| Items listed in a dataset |

- - - -

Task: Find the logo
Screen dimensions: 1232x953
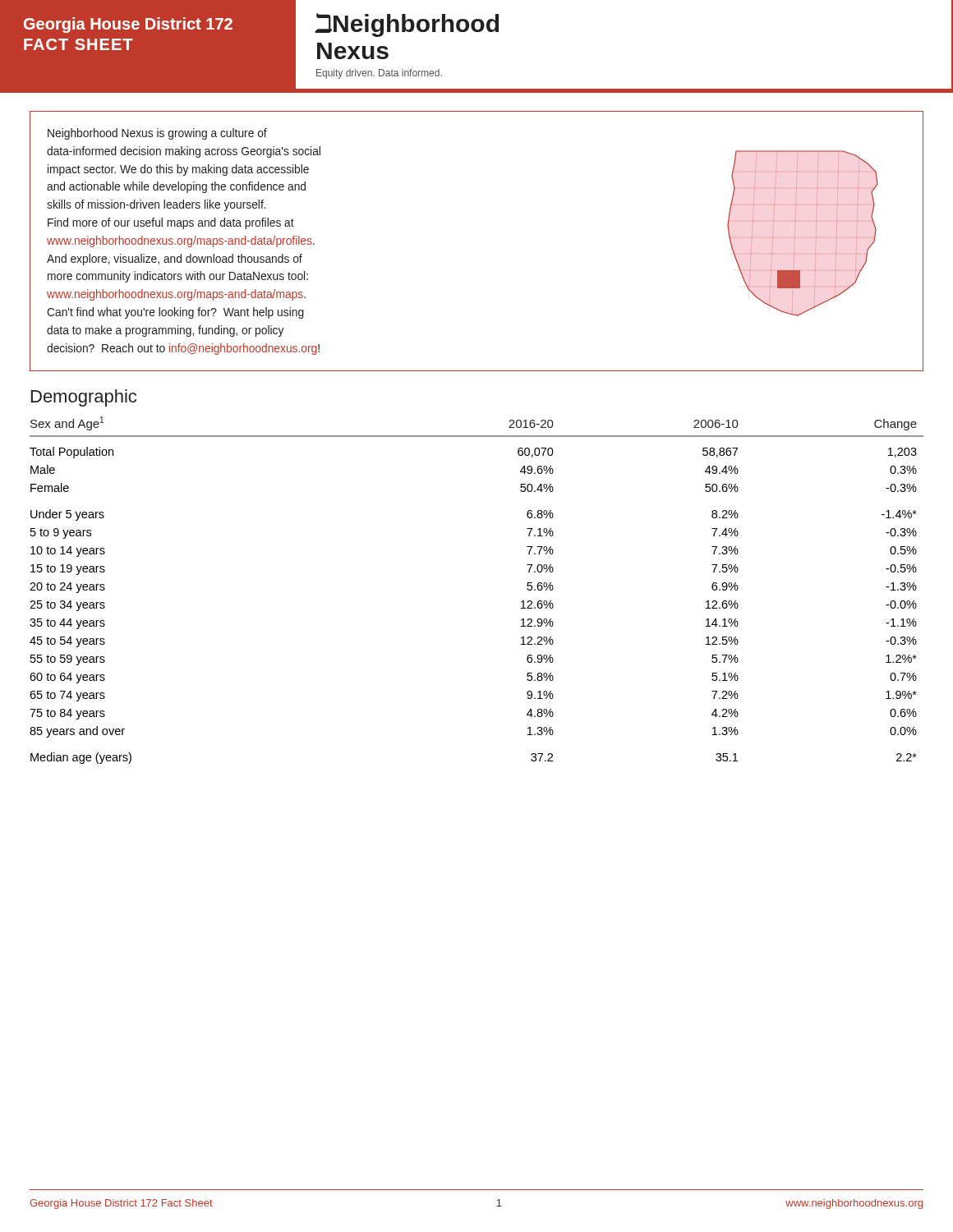Action: point(624,44)
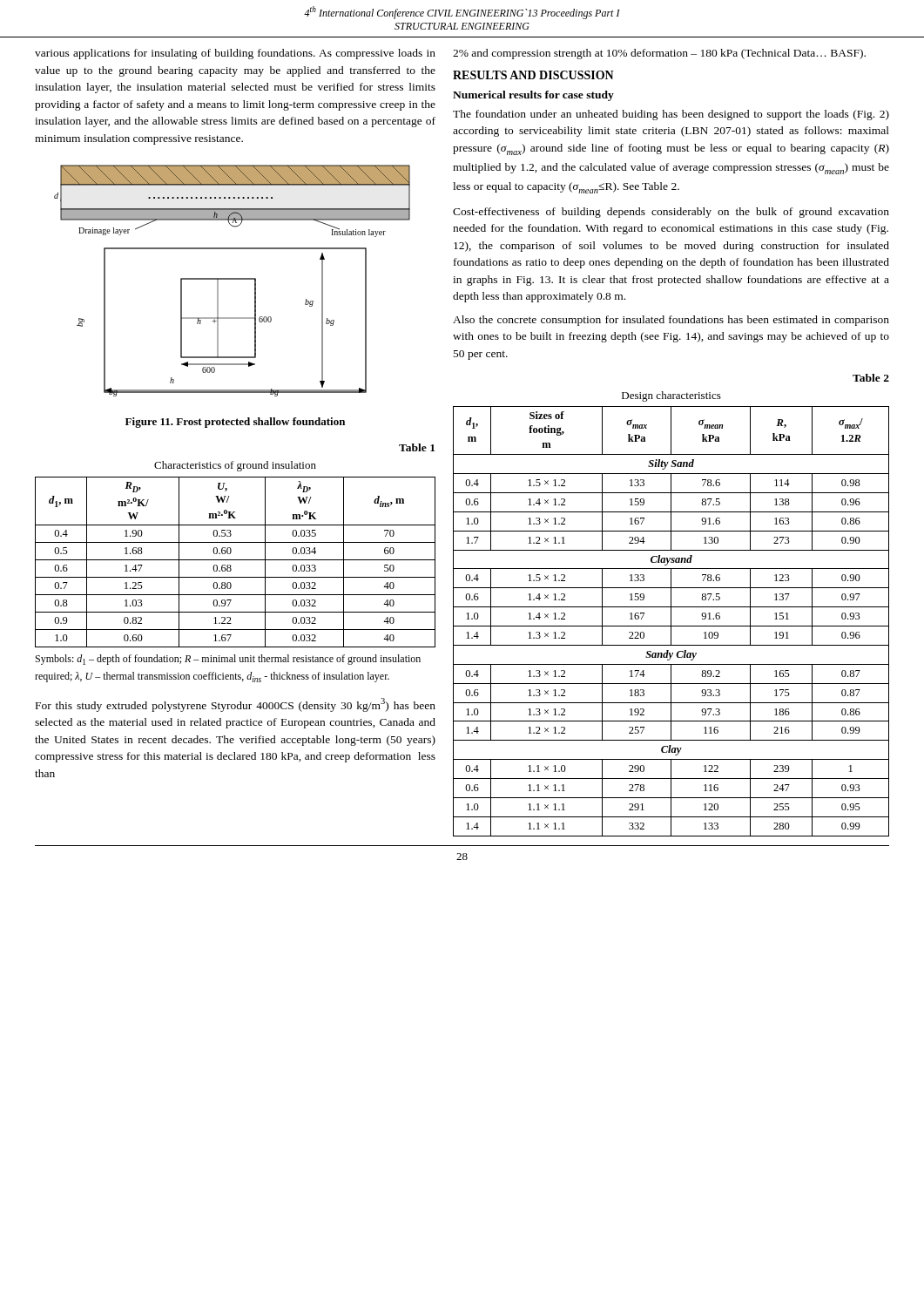
Task: Find the text starting "various applications for insulating of"
Action: pyautogui.click(x=235, y=96)
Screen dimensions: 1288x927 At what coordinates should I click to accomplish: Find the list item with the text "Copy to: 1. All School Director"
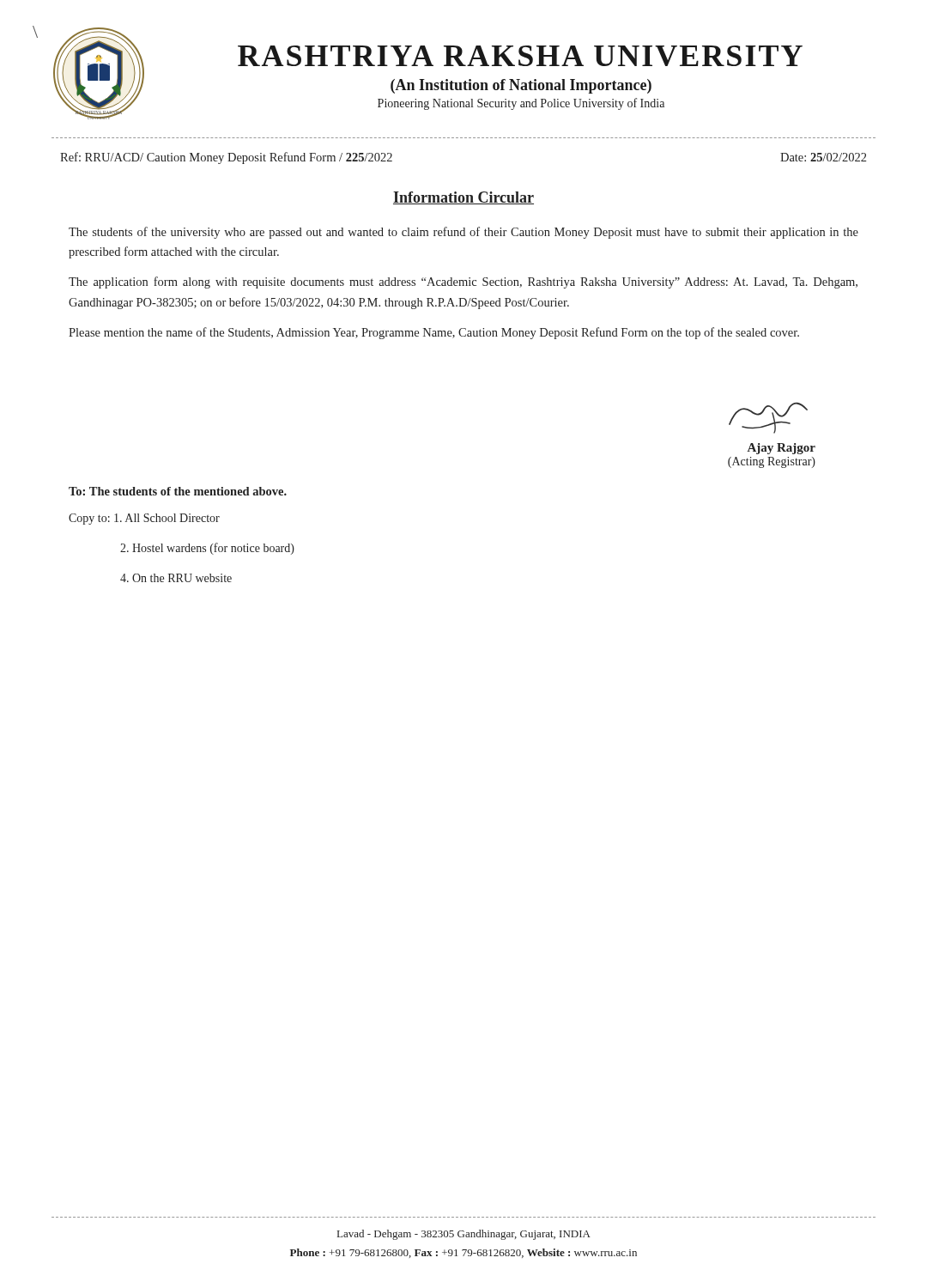144,519
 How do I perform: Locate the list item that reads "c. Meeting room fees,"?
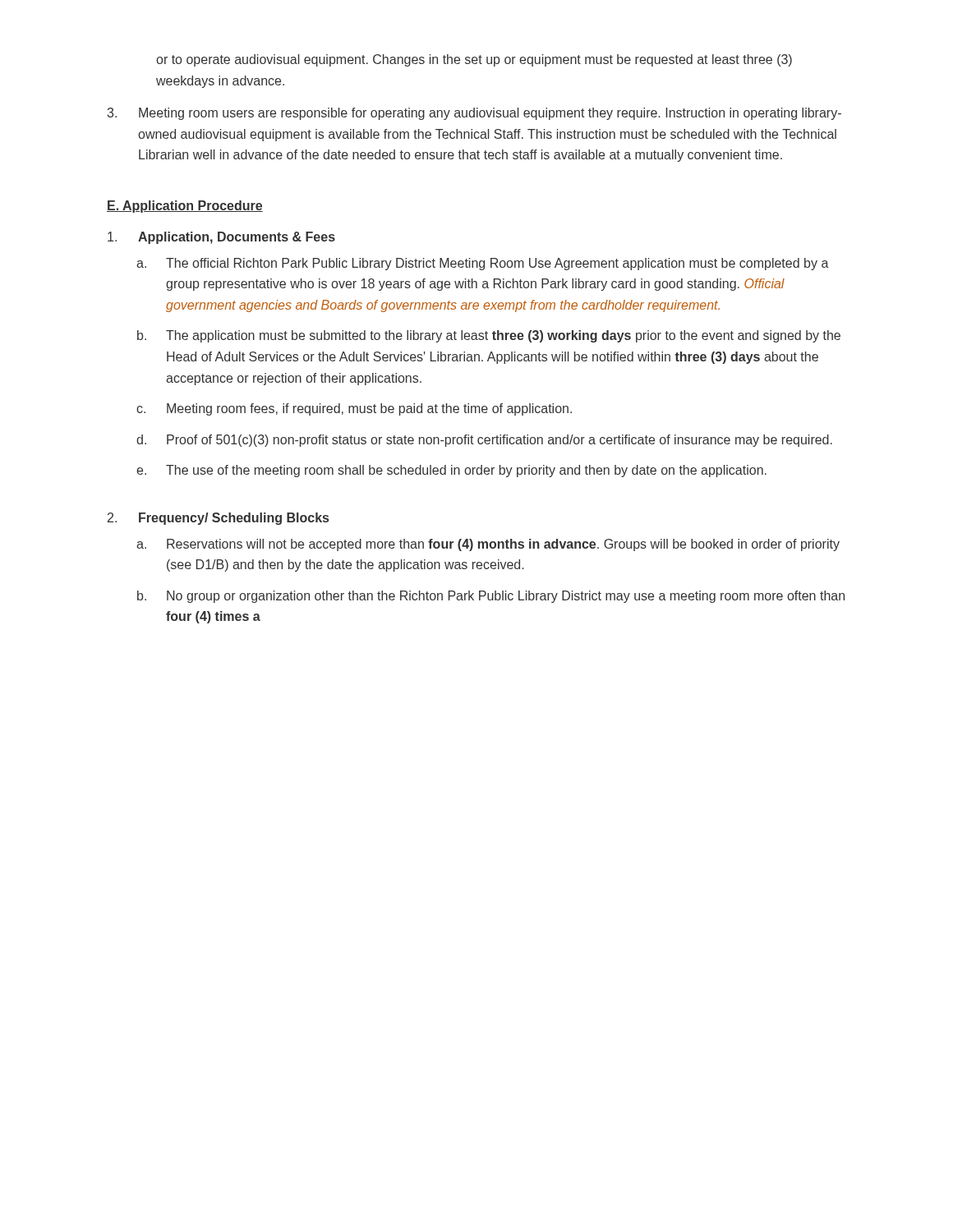491,409
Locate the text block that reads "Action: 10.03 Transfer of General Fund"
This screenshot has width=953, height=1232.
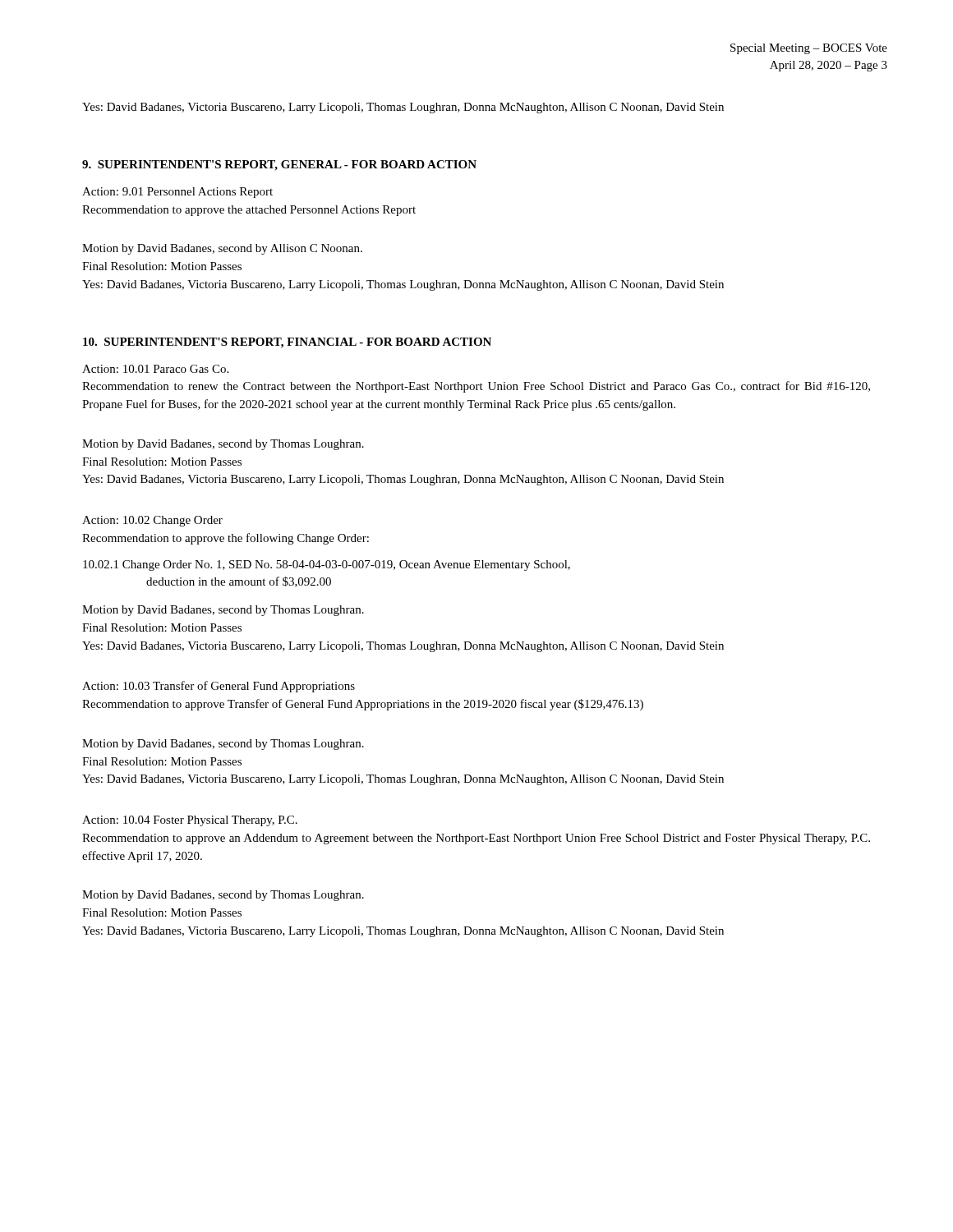(x=363, y=695)
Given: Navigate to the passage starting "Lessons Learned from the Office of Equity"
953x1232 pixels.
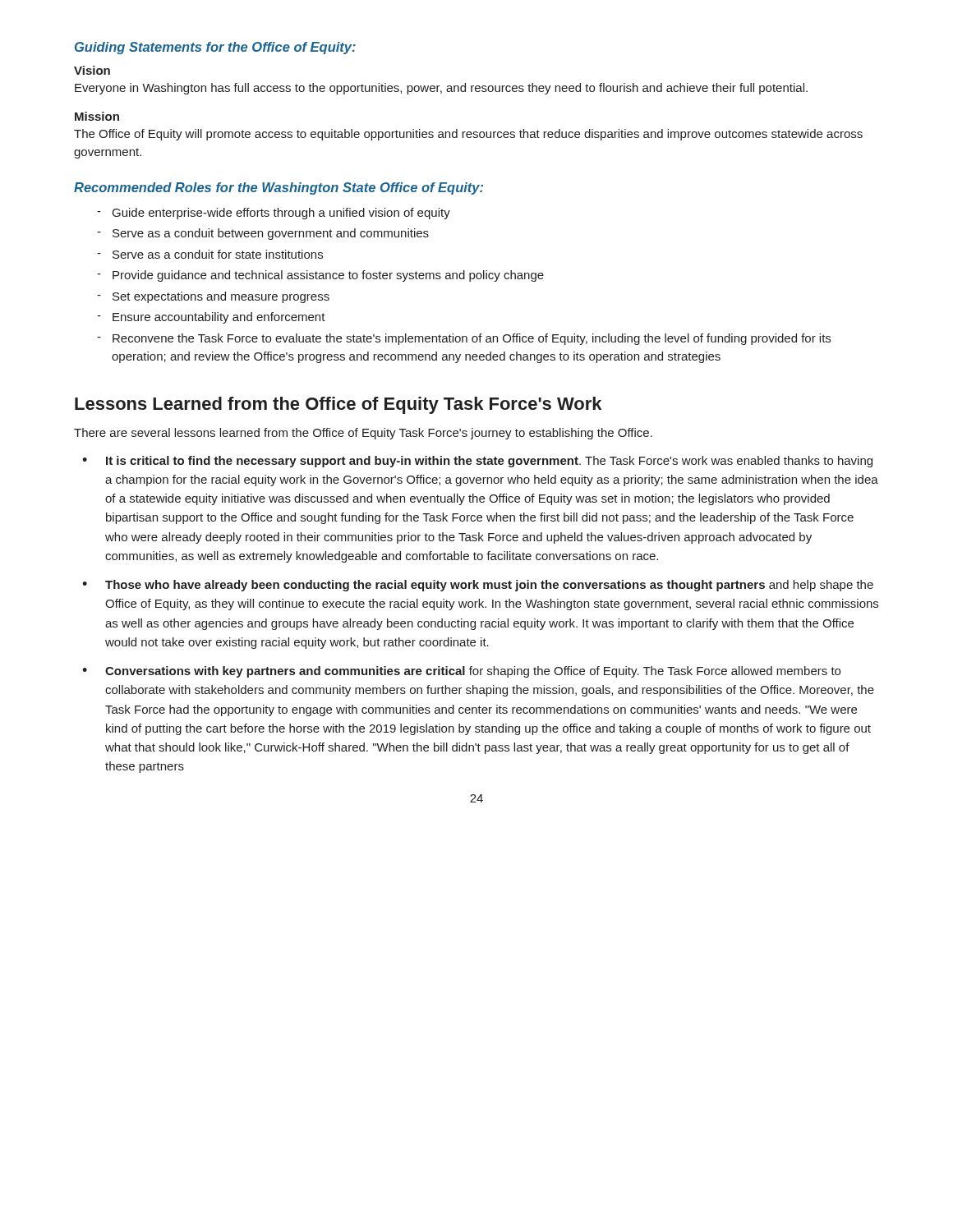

- - - -

| Problem description |
Only the lines from the one that holds "This screenshot has width=953, height=1232." through the end of the records above should be printed again, exactly as they are. Leave out the pictures.

| Response to this task |
This screenshot has width=953, height=1232.
(x=363, y=695)
Given: Navigate to the passage starting "Lessons Learned from the Office of Equity"
953x1232 pixels.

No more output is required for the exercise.